Here too, substantial differences between the nanocomposite according to the invention and the comparative mixture again are found. Although the fluid loss of the nanocomposite also increases significantly as a result of the addition of sea salt, the fluid loss of the comparative mixture is about twice as high.

Claims

1-15. (canceled)

16. A graft copolymer based on a component a) comprising silica which has been reacted with an unsaturated silane, and a water-soluble polymer component b) containing sulphonic acid.

17. A graft polymer according to claim 16, wherein the silica component a) is based on an aqueous colloidally disperse solution of amorphous silica.

18. A graft copolymer according to claim 17, wherein the silica of component a) is a nanosilica.

19. A graft copolymer according to claim 16, wherein the unsaturated silane is an ethylenically unsaturated alkoxysilane having 5 to 15 carbon atoms.

20. A graft copolymer according to claim 16, wherein the unsaturated silane is selected from the group consisting of methacryloyloxypropyltrialkoxysilane, 3-methacryloyloxypropyldialkoxyalkylsilane, methacryloyloxymethyltrialkoxysilane, (methacryloyloxymethyl)dialkoxyalkylsilane, vinyl dialkoxyalkylsilane and vinyltrialkoxysilane.

21. A graft copolymer according to claim 16, wherein the water-soluble polymer is a copolymer of acrylamidomethylpropanesulphonic acid with a further ethylenically unsaturated monomers.

22. A graft copolymer according to claim 21, wherein the unsaturated monomer is selected from the group consisting of vinyl ether, acrylic acid, methacrylic acid, 2- ethylacrylic acid, 2-propylacrylic acid, vinylacetic acid, crotonic and isocrotonic acid, maleic acid, fumaric acid, itaconic acid, citraconic acid, an amide of citraconic acid, styrenes, vinylphosphonic acid, an ethylenically unsaturated silane and a polyethylenically unsaturated compound.

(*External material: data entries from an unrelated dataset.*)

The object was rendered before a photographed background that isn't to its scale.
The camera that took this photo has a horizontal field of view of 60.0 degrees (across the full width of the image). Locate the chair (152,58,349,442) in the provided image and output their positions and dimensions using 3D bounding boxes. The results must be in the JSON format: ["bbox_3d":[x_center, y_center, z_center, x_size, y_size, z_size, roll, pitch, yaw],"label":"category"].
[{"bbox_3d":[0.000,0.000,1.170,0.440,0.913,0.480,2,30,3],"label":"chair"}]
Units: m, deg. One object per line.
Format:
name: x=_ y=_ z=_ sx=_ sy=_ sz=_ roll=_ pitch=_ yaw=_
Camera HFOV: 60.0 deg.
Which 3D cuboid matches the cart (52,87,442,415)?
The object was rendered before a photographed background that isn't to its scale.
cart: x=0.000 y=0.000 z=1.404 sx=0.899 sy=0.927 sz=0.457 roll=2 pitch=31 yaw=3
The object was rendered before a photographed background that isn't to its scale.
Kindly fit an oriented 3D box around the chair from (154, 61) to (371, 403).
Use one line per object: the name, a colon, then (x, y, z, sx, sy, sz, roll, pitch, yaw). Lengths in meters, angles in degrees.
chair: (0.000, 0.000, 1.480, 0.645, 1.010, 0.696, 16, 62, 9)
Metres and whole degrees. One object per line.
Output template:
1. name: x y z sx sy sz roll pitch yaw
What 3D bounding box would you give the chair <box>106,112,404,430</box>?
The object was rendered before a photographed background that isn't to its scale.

23. A graft copolymer according to claim 22, wherein the unsaturated monomer is selected from the group consisting of ethylene glycol dimethacrylate, glyceryl dimethacrylate and trimethylolpropane trimethacrylate.

24. A graft copolymer according to claim 16, wherein the component b) contains an acrylamide compound.

25. A graft copolymer according to claim 16, wherein component b) contains N, N-dimethylacrylamide.

26. A graft copolymer according to claim 16, wherein the components a) and b) are in the mass ratio of 10 to 1:1 to 10.

27. A graft copolymer according to claim 16, wherein the component a) is present in an amount of 10 to 90% by weight.

28. A graft copolymer according to claim 16, wherein the component b) is present in an amount of 10 to 90% by weight.

29. A graft copolymer according to claim 16, wherein the graft copolymer a nanocomposite in which the component b) is covalently bonded to the surface of the silica via the silane.

30. A graft copolymer according to claim 16, wherein the graft copolymer is a particulate which has an average particle size of between 5 and 2000 nm.

31. A graft copolymer according to claim 16, wherein the graft copolymer is a solid.

32. A composition comprising the graft copolymer of claim 16, in solid form and from 50 to 70% by weight water.

33. The composition of claim 32, wherein the composition is in the form as a gel, a colloid or a suspension.

34. A graft copolymer according to claim 31, wherein the graft copolymer is a powder.

35. A process for the preparation of the graft copolymer according to claim 16, comprising reacting the silica with the unsaturated silane and then grafting the monomers of the component b) containing sulphonic acid onto the silane.

36. A process according to claim 35, wherein the silica and the silane are provided in the molar ratio of 200:1 to 20 in process step a).

37. A process according to claim 35, wherein the reaction step or the grafting step are carried out independently of one another at temperatures of 30 to 100° C.

38. A method comprising adding the graft copolymer according to claim 16 as an additive in a composition for a construction chemistry application and in a composition employed in the development, exploitation or completion of underground mineral oil and natural gas deposits in an amount sufficient to provide a water retentive effect in said composition.